The Elm code generation is only about 2,400 lines of code but a version to generate C code is likely to be a little bit more due to having to add reference counting and a home-grown version of implementing closure functions capturing bindings external to the function’s scope, so is likely to take a couple of months or more, and then in order to test it thoroughly, the LinearArray
type should likely be added which may add another couple of months. So by mid this year, I might have a repository where interested people would be able to compile and use some Elm-like code or use Elm code to generate C code and through the emscripten compiler to generate WASM code.

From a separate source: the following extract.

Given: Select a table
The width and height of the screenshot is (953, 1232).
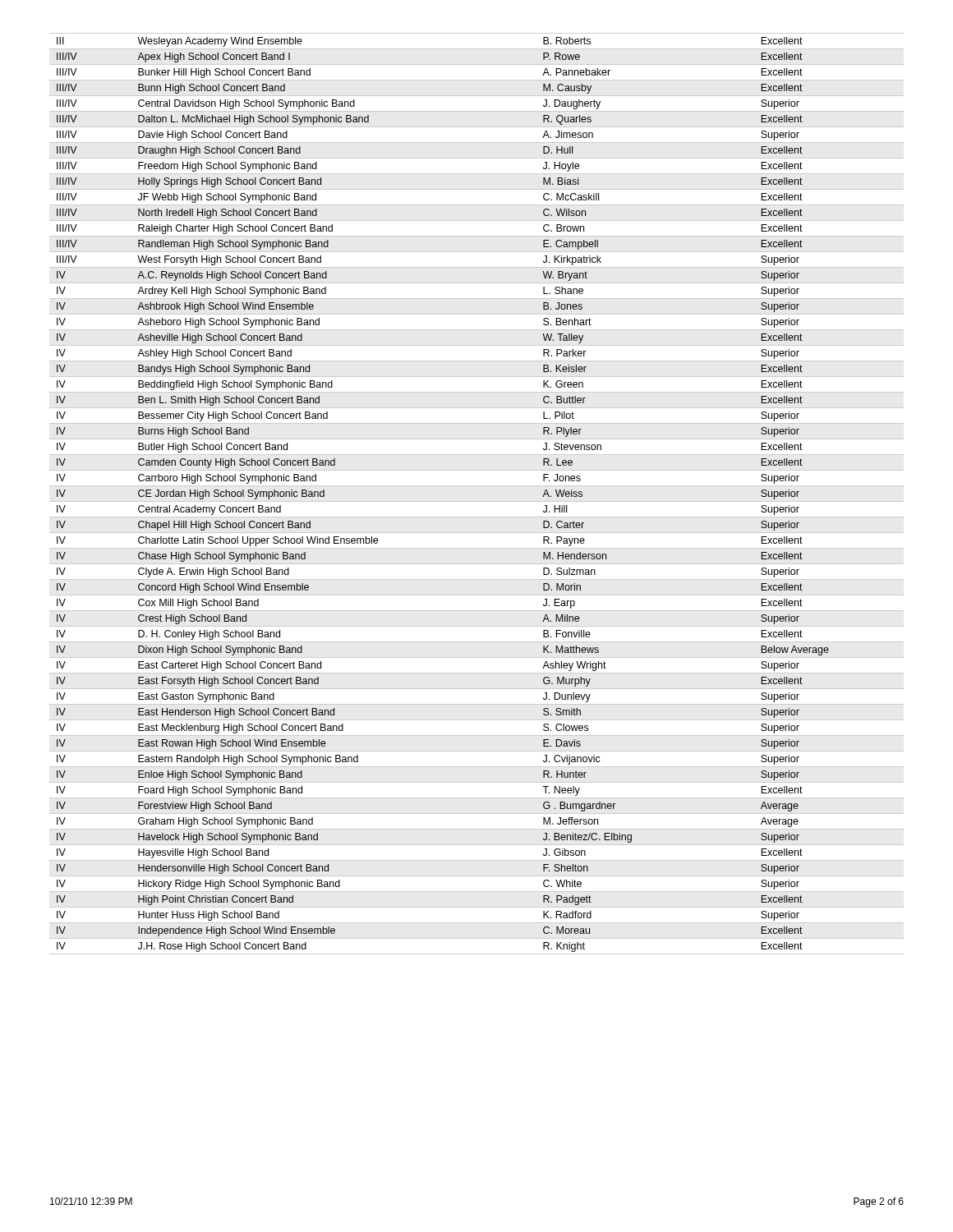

I’ll post anything ready to be tried here at that time.
Naming of the New ElmPlus Language
I have considered what the new forked language would be called and have considered “elmplus-lang” and “elmp” to pay homage to its Elm origins, but am currently thinking of “fir” and “fir-lang” as starting with the letter “f” and still paying homage to Elm by continuing the arboreal reference, but by being the next letter in the alphabet just as is the word “functional” to indicate that it is both extended while being close to “F#” and not so close to “Haskell”. What do you think?